_Entries supplied_:
****************

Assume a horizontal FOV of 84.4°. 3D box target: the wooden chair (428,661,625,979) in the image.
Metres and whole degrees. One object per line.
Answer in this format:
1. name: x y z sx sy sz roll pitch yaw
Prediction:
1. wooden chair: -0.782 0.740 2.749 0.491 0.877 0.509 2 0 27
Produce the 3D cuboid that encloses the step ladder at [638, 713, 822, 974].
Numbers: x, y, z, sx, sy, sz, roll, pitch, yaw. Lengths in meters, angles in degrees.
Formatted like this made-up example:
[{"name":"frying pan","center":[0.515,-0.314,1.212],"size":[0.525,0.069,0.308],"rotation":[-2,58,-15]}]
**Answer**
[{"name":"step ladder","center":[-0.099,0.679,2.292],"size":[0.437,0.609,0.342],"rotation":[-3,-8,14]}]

****************

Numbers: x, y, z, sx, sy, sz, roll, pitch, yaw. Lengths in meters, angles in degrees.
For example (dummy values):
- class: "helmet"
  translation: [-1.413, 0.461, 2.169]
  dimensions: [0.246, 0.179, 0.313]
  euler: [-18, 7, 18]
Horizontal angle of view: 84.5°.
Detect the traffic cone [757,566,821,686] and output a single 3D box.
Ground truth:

****************

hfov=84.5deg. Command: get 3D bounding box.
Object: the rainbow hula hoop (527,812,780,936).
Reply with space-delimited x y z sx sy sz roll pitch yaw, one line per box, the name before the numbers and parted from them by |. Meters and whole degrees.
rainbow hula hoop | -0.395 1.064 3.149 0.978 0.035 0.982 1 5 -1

****************

Within the material above, copy exactly the lines from the line that holds "Assume a horizontal" up to and including the line that holds "1. name: x y z sx sy sz roll pitch yaw".

_Exercise result_:
Assume a horizontal FOV of 84.4°. 3D box target: the wooden chair (428,661,625,979) in the image.
Metres and whole degrees. One object per line.
Answer in this format:
1. name: x y z sx sy sz roll pitch yaw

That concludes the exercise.